» PROBLEM TO SOLVE: Please set down the line that contains "images: redocly/openapi-cli" and every line below it through the last, exactly as written, with no other lines.

__________

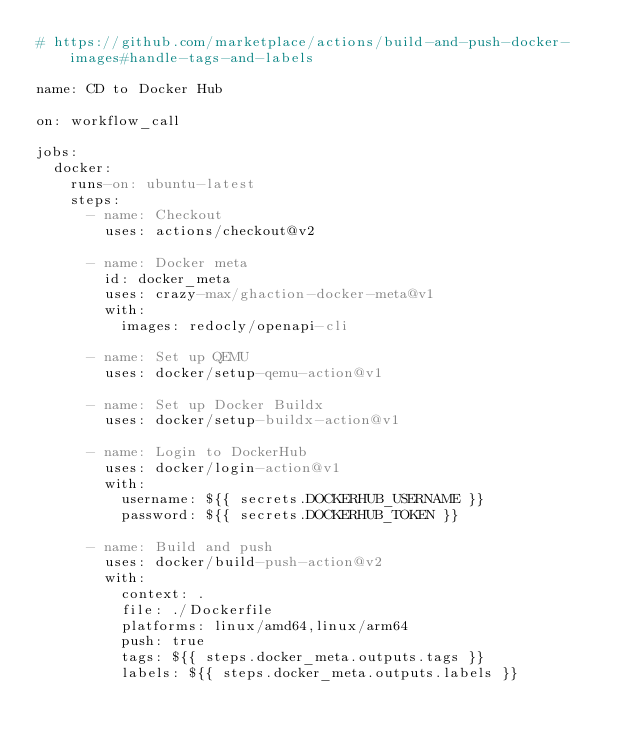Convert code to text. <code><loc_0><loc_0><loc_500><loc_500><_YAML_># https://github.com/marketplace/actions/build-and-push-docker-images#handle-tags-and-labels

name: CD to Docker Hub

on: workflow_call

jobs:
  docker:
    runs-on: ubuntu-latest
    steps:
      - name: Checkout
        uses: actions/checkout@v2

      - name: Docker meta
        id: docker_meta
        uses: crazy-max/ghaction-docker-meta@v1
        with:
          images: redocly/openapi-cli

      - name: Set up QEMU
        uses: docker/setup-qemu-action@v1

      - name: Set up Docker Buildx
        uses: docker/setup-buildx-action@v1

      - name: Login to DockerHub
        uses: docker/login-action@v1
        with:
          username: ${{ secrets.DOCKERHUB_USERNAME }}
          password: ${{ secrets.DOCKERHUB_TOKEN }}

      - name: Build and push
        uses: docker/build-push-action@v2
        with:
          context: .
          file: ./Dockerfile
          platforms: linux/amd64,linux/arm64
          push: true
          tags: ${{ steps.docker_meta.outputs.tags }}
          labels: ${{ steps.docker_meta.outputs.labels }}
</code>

__________

» ANSWER TO THIS TASK:
          images: redocly/openapi-cli

      - name: Set up QEMU
        uses: docker/setup-qemu-action@v1

      - name: Set up Docker Buildx
        uses: docker/setup-buildx-action@v1

      - name: Login to DockerHub
        uses: docker/login-action@v1
        with:
          username: ${{ secrets.DOCKERHUB_USERNAME }}
          password: ${{ secrets.DOCKERHUB_TOKEN }}

      - name: Build and push
        uses: docker/build-push-action@v2
        with:
          context: .
          file: ./Dockerfile
          platforms: linux/amd64,linux/arm64
          push: true
          tags: ${{ steps.docker_meta.outputs.tags }}
          labels: ${{ steps.docker_meta.outputs.labels }}
</code>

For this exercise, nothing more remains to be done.